Rankin looked him straight in the eyes.
“No, Jerry,” he said, “it ain’t so much that. I want it, o’ course, you know how I need it, an’ I want it more’n ever jus’ now, but I ain’t worried so much about that. I’ve got your word, an’ I know you never went back on it yet, to a friend, though you know, Jerry, that if it ’uld help you any, you could have your promise back, an’ give the post-office where it ’uld do the mos’ good. You know all you’d have to do ’uld be to say the word, don’t you?”
Garwood smiled again and leaned forward in his chair and laid one of his white hands on Rankin’s fat knee.
“Why, my boy,” he said, “you’ve been giving yourself a great deal of unnecessary trouble. You know me, don’t you?”
“Why, sure,” assented Rankin.
“Well, you ought to,” added Garwood, still smiling blandly, and a slight reproach was in his tone. “You should have known, Jim, that I realized you had done all in your power. I never for an instant blamed you; believe me when I say that. It only occurred to me that I could handle the little affair over at Pekin better than you could. I knew that you could never come at Pusey; I knew that you two never could agree in a thousand years, so I just took hold of it myself—not with very much hope, I confess, but I thought it worth trying. And luckily it came about all right in the end.”

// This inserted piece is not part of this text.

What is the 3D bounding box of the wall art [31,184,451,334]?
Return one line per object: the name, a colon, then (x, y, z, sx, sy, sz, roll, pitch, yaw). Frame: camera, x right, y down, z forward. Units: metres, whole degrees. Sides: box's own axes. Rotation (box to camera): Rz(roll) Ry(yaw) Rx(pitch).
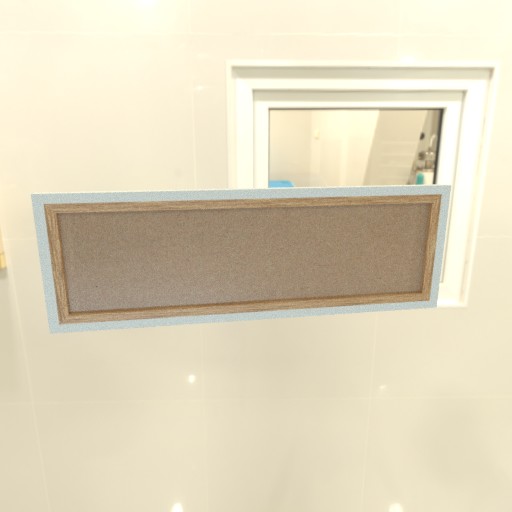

“It’s all right, it’s all right, Jerry,” Rankin protested, waving his hand assuringly toward Garwood. “I only wanted to know that you felt all right about it, that’s all.” His great red face smiled on Garwood like a forgiven boy’s. But suddenly it hardened again into the face of a man.
“You were right—I couldn’t ’a’ done nothin’ ’ith Pusey, damn him. My way’s different from yourn. Maybe yourn’s right. You believe in conciliatin’ ’em; I believe in killin’ ’em off. An’ your way won, that’s all. What ’id you have to promise him?”
Garwood was leaning back again, and had pressed the tips of his fingers together.
“Jim,” he said, beginning slowly, “I’ve learned a good deal about politics. I learned a good deal from you, and I picked up a good deal down at Washington during the session, and the chief thing I’ve learned is to go slow on promises. I told him, of course, that I’d take care of him. I told him that there was no use in our being enemies, none whatever; that we could just as well work together for the party’s good, and accomplish more that way than by keeping up a bitter factional war here in the county, because the first thing we knew we’d wake up some cold morning in November to find that the other fellows were all in and we were all out.”